Given entries Start Marker

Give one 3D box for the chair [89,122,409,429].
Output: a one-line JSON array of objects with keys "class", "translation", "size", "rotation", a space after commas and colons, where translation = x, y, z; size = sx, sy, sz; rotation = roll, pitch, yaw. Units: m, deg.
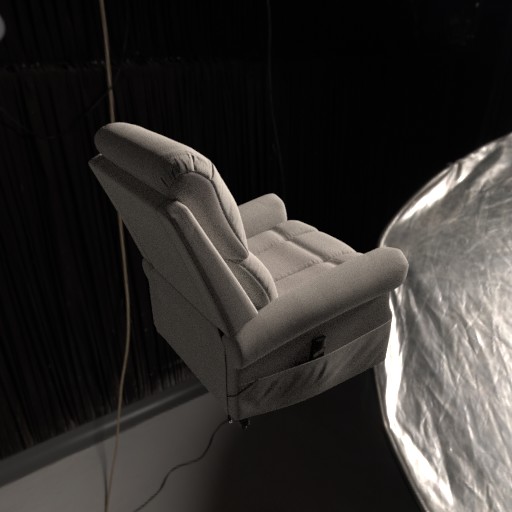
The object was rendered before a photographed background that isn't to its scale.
[{"class": "chair", "translation": [0.000, 0.000, 1.733], "size": [0.979, 1.031, 0.871], "rotation": [-18, 32, -31]}]
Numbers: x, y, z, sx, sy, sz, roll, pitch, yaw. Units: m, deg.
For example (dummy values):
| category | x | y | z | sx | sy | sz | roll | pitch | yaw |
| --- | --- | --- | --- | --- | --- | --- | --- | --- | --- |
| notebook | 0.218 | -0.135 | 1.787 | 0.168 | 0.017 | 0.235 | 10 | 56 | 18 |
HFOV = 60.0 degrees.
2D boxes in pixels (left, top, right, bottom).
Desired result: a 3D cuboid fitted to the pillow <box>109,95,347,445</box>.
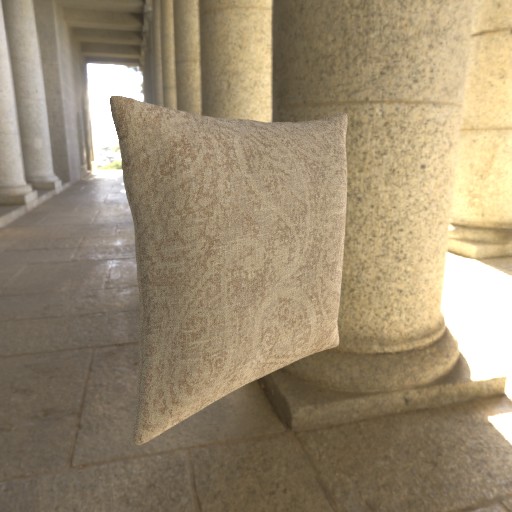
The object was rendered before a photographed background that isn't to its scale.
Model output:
| category | x | y | z | sx | sy | sz | roll | pitch | yaw |
| --- | --- | --- | --- | --- | --- | --- | --- | --- | --- |
| pillow | 0.000 | 0.000 | 0.790 | 0.523 | 0.510 | 0.166 | -13 | 19 | -43 |
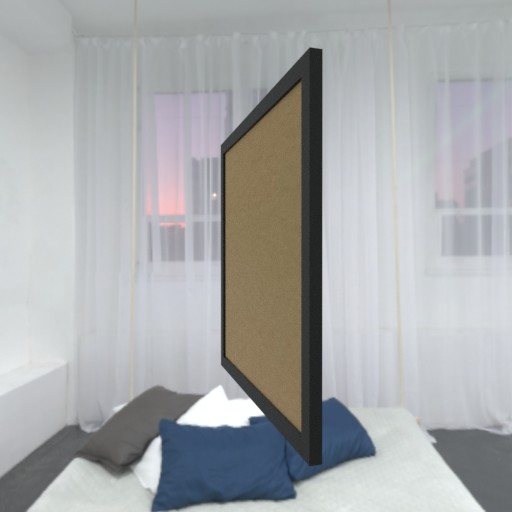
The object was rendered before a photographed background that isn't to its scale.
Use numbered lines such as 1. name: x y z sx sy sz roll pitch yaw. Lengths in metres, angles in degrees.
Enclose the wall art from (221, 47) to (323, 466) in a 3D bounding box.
1. wall art: 0.000 0.000 0.550 0.012 0.357 0.358 0 1 -17
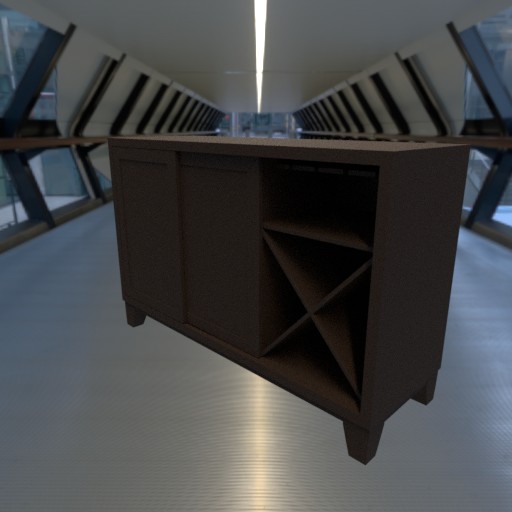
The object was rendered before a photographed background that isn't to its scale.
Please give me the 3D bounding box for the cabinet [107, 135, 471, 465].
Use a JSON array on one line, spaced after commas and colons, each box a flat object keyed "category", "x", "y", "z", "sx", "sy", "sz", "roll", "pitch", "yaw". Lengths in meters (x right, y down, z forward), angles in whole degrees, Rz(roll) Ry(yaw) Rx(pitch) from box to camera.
[{"category": "cabinet", "x": 0.000, "y": 0.000, "z": 1.810, "sx": 1.396, "sy": 0.914, "sz": 0.482, "roll": 16, "pitch": 23, "yaw": 42}]
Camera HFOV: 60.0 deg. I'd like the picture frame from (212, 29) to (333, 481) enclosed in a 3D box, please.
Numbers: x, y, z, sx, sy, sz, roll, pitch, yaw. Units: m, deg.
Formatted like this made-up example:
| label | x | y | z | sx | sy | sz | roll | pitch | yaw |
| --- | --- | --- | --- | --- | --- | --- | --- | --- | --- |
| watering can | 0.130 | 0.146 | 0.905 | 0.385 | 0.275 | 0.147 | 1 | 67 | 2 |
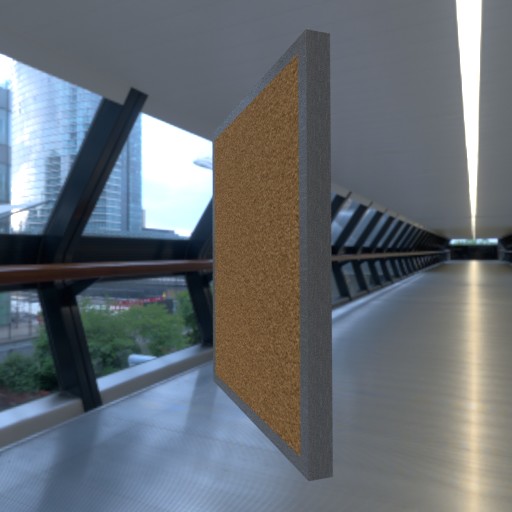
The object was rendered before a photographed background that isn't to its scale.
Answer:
| label | x | y | z | sx | sy | sz | roll | pitch | yaw |
| --- | --- | --- | --- | --- | --- | --- | --- | --- | --- |
| picture frame | 0.000 | 0.000 | 0.529 | 0.027 | 0.378 | 0.327 | 0 | -1 | -19 |
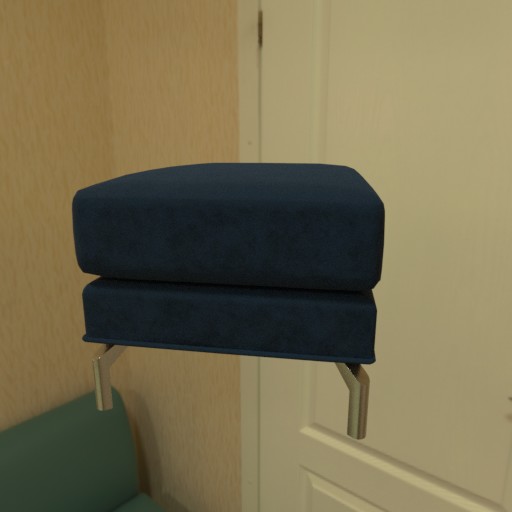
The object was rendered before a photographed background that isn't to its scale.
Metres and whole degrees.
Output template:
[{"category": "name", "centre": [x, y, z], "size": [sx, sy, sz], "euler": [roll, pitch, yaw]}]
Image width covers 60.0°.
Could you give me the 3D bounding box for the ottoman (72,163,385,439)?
[{"category": "ottoman", "centre": [0.000, 0.000, 1.216], "size": [0.587, 0.498, 0.835], "euler": [2, 15, 9]}]
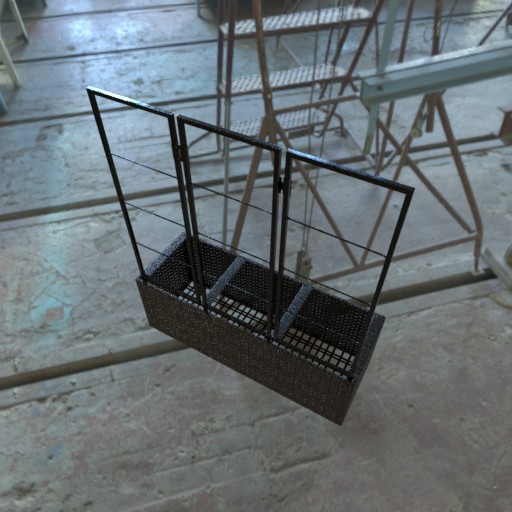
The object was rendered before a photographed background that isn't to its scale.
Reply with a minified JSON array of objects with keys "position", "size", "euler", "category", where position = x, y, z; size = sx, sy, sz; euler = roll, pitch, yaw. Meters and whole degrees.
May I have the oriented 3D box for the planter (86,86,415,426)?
[{"position":[0.000,0.000,1.151],"size":[0.699,0.841,0.244],"euler":[23,51,20],"category":"planter"}]
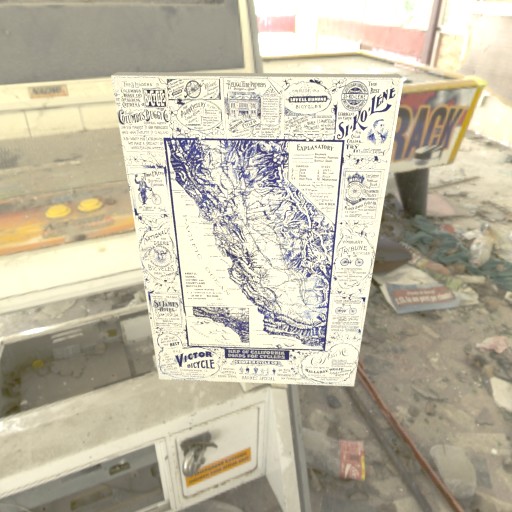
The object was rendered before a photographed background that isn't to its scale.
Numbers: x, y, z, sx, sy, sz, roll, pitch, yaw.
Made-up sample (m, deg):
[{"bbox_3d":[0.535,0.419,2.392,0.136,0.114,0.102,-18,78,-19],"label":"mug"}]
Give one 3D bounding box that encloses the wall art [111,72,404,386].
[{"bbox_3d":[0.000,0.000,0.983,0.511,0.753,0.039,1,31,2],"label":"wall art"}]
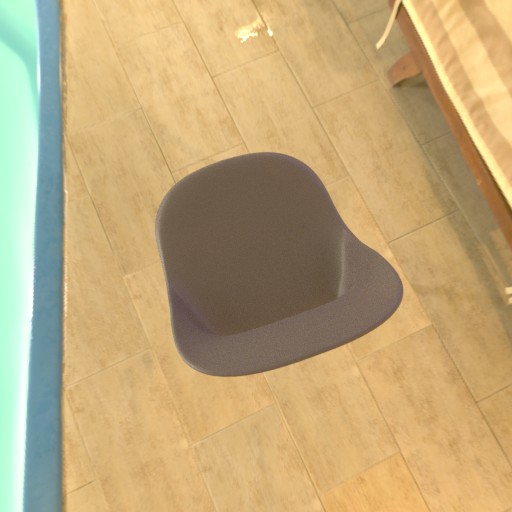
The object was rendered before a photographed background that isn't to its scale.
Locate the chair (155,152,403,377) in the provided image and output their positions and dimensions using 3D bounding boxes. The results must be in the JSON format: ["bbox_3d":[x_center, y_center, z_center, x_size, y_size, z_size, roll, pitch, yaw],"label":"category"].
[{"bbox_3d":[0.000,0.000,1.148,0.470,0.795,0.556,-19,77,-5],"label":"chair"}]
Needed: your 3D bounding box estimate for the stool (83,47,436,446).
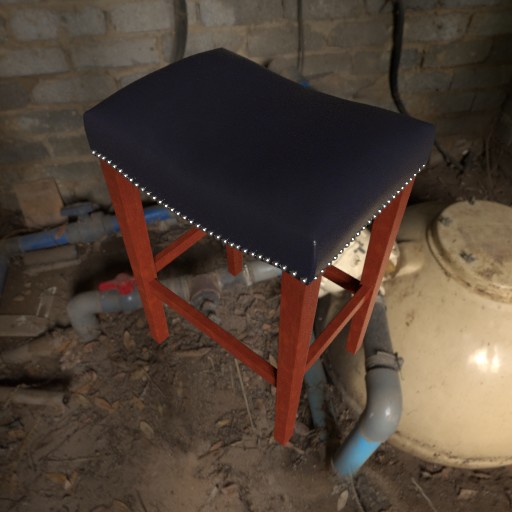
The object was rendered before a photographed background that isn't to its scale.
[{"bbox_3d":[0.000,0.000,1.006,0.504,0.742,0.372,32,55,26],"label":"stool"}]
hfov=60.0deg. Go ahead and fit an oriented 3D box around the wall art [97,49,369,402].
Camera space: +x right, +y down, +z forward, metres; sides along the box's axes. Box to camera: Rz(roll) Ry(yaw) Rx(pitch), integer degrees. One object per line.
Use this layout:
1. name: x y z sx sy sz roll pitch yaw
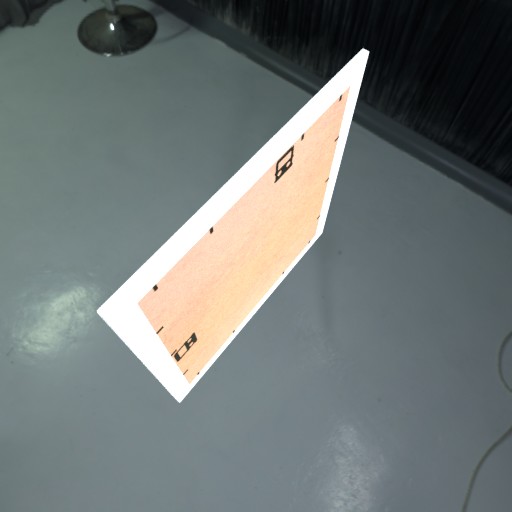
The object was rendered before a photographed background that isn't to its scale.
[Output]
1. wall art: 0.000 0.000 0.878 0.013 0.584 0.584 35 68 17

Given entries End Marker

Assignment
Output the number of lines in the records above that contain the string "like", and no other text.

Answer to this problem
2